▶ _DATASET RECORDS_
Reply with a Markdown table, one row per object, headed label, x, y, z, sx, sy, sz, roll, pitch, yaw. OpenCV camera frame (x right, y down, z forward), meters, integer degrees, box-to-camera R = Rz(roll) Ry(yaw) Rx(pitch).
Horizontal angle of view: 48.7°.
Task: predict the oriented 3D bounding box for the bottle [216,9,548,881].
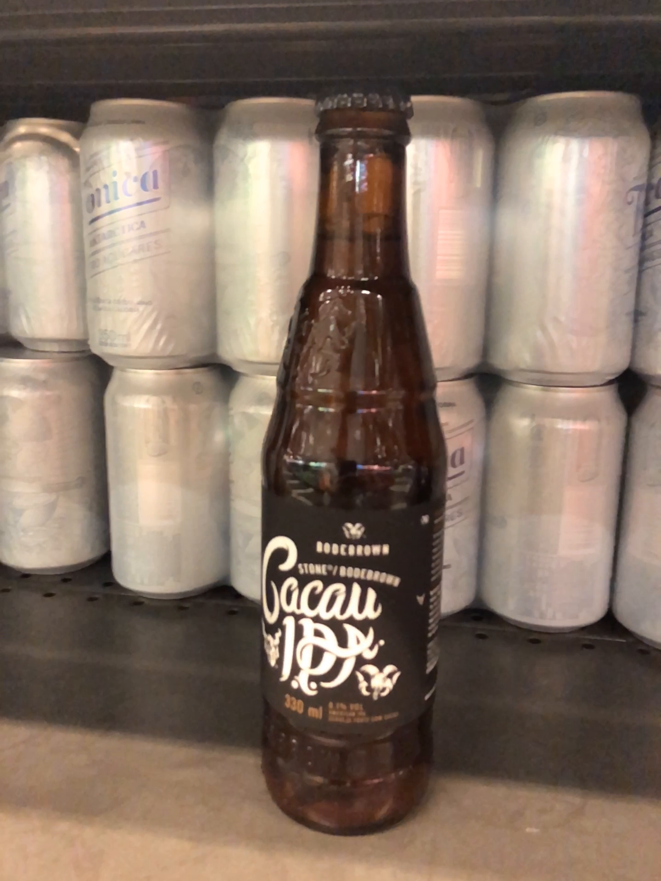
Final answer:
| label | x | y | z | sx | sy | sz | roll | pitch | yaw |
| --- | --- | --- | --- | --- | --- | --- | --- | --- | --- |
| bottle | 0.017 | 0.010 | 0.242 | 0.080 | 0.249 | 0.070 | 6 | 15 | 18 |

▶ _TASK STATEMENT_
Copy each line of the records precisely and drop any images they hold.

▶ _EXERCISE RESPONSE_
Reply with a Markdown table, one row per object, headed label, x, y, z, sx, sy, sz, roll, pitch, yaw. OpenCV camera frame (x right, y down, z forward), meters, integer degrees, box-to-camera R = Rz(roll) Ry(yaw) Rx(pitch).
Horizontal angle of view: 48.7°.
Task: predict the oriented 3D bounding box for the bottle [216,9,548,881].
Final answer:
| label | x | y | z | sx | sy | sz | roll | pitch | yaw |
| --- | --- | --- | --- | --- | --- | --- | --- | --- | --- |
| bottle | 0.017 | 0.010 | 0.242 | 0.080 | 0.249 | 0.070 | 6 | 15 | 18 |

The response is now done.